→ **Assignment**
Every record below must be retyped exactly, with the pictures left out.

+ + + + + + +

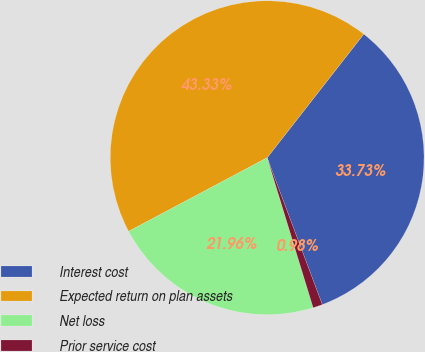Convert chart to OTSL. <chart><loc_0><loc_0><loc_500><loc_500><pie_chart><fcel>Interest cost<fcel>Expected return on plan assets<fcel>Net loss<fcel>Prior service cost<nl><fcel>33.73%<fcel>43.33%<fcel>21.96%<fcel>0.98%<nl></chart> 
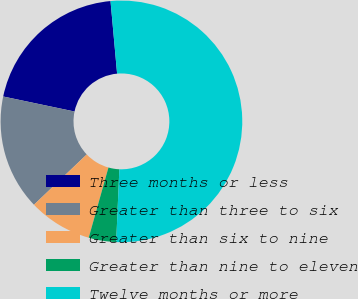Convert chart to OTSL. <chart><loc_0><loc_0><loc_500><loc_500><pie_chart><fcel>Three months or less<fcel>Greater than three to six<fcel>Greater than six to nine<fcel>Greater than nine to eleven<fcel>Twelve months or more<nl><fcel>20.26%<fcel>15.42%<fcel>8.52%<fcel>3.67%<fcel>52.13%<nl></chart> 
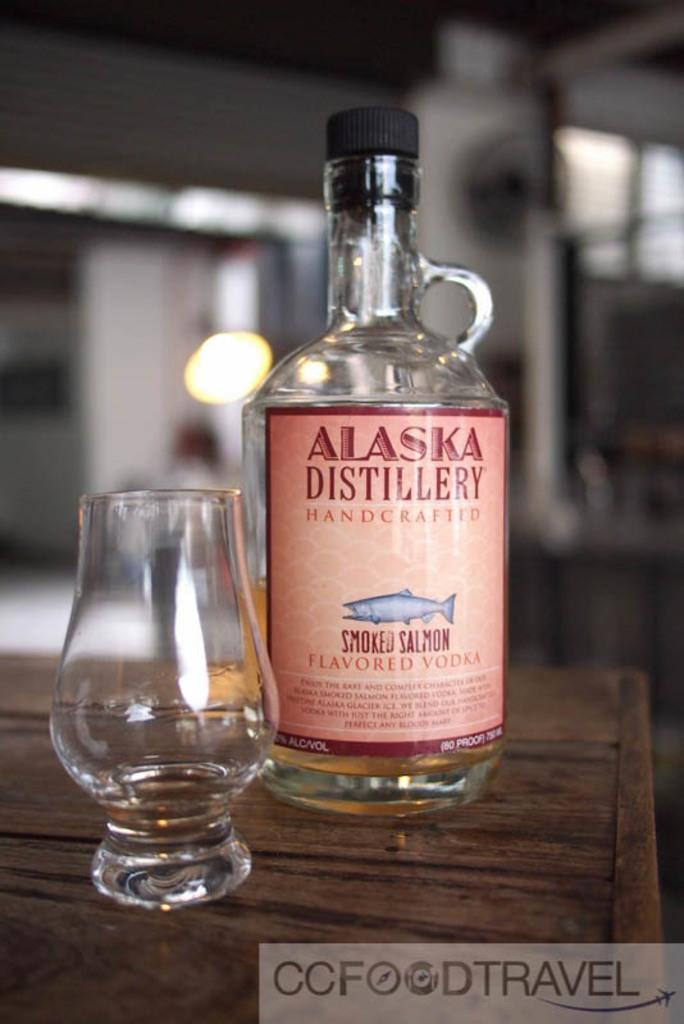Provide a one-sentence caption for the provided image. A bottle of Alaska Distillery Handcrafted Smoked Salmon Flavored Vodka sits on a table next to a glass. 
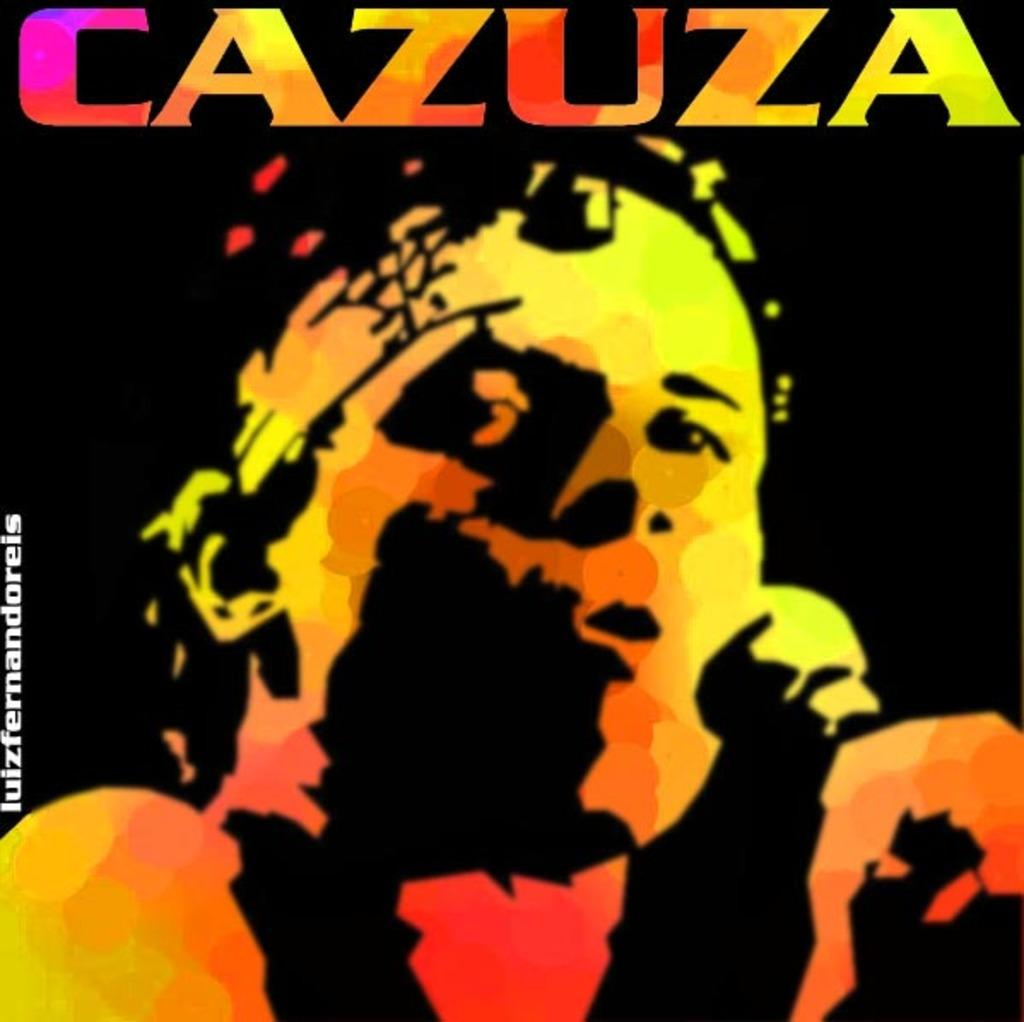Provide a one-sentence caption for the provided image. Cazuza with a microphone on a picture or a album cover. 
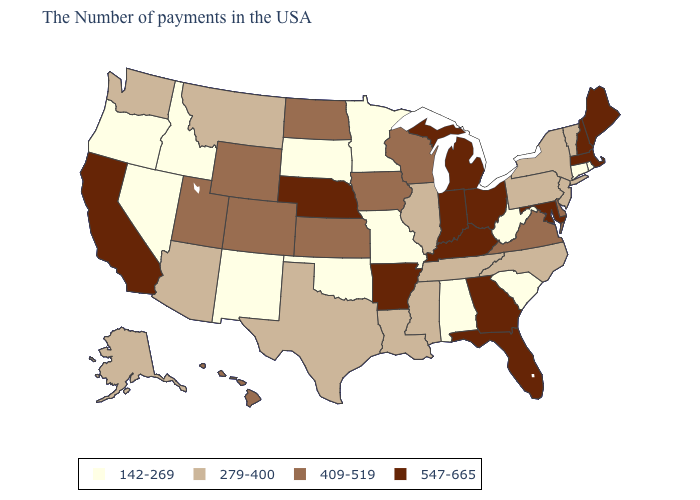Name the states that have a value in the range 409-519?
Be succinct. Delaware, Virginia, Wisconsin, Iowa, Kansas, North Dakota, Wyoming, Colorado, Utah, Hawaii. What is the highest value in the USA?
Be succinct. 547-665. What is the value of Wisconsin?
Short answer required. 409-519. How many symbols are there in the legend?
Give a very brief answer. 4. Does Texas have the lowest value in the USA?
Short answer required. No. Among the states that border Ohio , which have the highest value?
Quick response, please. Michigan, Kentucky, Indiana. Which states have the lowest value in the USA?
Be succinct. Rhode Island, Connecticut, South Carolina, West Virginia, Alabama, Missouri, Minnesota, Oklahoma, South Dakota, New Mexico, Idaho, Nevada, Oregon. What is the highest value in the USA?
Quick response, please. 547-665. What is the value of New Jersey?
Write a very short answer. 279-400. What is the lowest value in the USA?
Answer briefly. 142-269. What is the value of North Dakota?
Short answer required. 409-519. Which states have the lowest value in the USA?
Answer briefly. Rhode Island, Connecticut, South Carolina, West Virginia, Alabama, Missouri, Minnesota, Oklahoma, South Dakota, New Mexico, Idaho, Nevada, Oregon. Does the first symbol in the legend represent the smallest category?
Write a very short answer. Yes. Name the states that have a value in the range 142-269?
Be succinct. Rhode Island, Connecticut, South Carolina, West Virginia, Alabama, Missouri, Minnesota, Oklahoma, South Dakota, New Mexico, Idaho, Nevada, Oregon. Does Alabama have the lowest value in the South?
Keep it brief. Yes. 
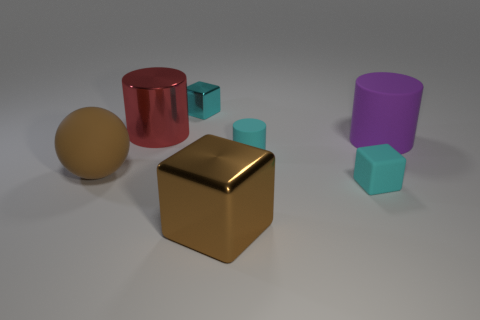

+ + + + + + +

→ **Problem solution**
Convert chart to OTSL. <chart><loc_0><loc_0><loc_500><loc_500><pie_chart><fcel>Interest cost<fcel>Expected return on plan assets<fcel>Net loss<fcel>Prior service cost<nl><fcel>33.73%<fcel>43.33%<fcel>21.96%<fcel>0.98%<nl></chart> 
Convert chart to OTSL. <chart><loc_0><loc_0><loc_500><loc_500><pie_chart><fcel>Three months or less<fcel>Greater than three to six<fcel>Greater than six to nine<fcel>Greater than nine to eleven<fcel>Twelve months or more<nl><fcel>20.26%<fcel>15.42%<fcel>8.52%<fcel>3.67%<fcel>52.13%<nl></chart> 
Provide a one-sentence caption for the provided image. A bottle of Alaska Distillery Handcrafted Smoked Salmon Flavored Vodka sits on a table next to a glass. 
Provide a one-sentence caption for the provided image. Cazuza with a microphone on a picture or a album cover. 
Name the states that have a value in the range 409-519?
Be succinct. Delaware, Virginia, Wisconsin, Iowa, Kansas, North Dakota, Wyoming, Colorado, Utah, Hawaii. What is the highest value in the USA?
Be succinct. 547-665. What is the value of Wisconsin?
Short answer required. 409-519. How many symbols are there in the legend?
Give a very brief answer. 4. Does Texas have the lowest value in the USA?
Short answer required. No. Among the states that border Ohio , which have the highest value?
Quick response, please. Michigan, Kentucky, Indiana. Which states have the lowest value in the USA?
Be succinct. Rhode Island, Connecticut, South Carolina, West Virginia, Alabama, Missouri, Minnesota, Oklahoma, South Dakota, New Mexico, Idaho, Nevada, Oregon. What is the highest value in the USA?
Quick response, please. 547-665. What is the value of New Jersey?
Write a very short answer. 279-400. What is the lowest value in the USA?
Answer briefly. 142-269. What is the value of North Dakota?
Short answer required. 409-519. Which states have the lowest value in the USA?
Answer briefly. Rhode Island, Connecticut, South Carolina, West Virginia, Alabama, Missouri, Minnesota, Oklahoma, South Dakota, New Mexico, Idaho, Nevada, Oregon. Does the first symbol in the legend represent the smallest category?
Write a very short answer. Yes. Name the states that have a value in the range 142-269?
Be succinct. Rhode Island, Connecticut, South Carolina, West Virginia, Alabama, Missouri, Minnesota, Oklahoma, South Dakota, New Mexico, Idaho, Nevada, Oregon. Does Alabama have the lowest value in the South?
Keep it brief. Yes. 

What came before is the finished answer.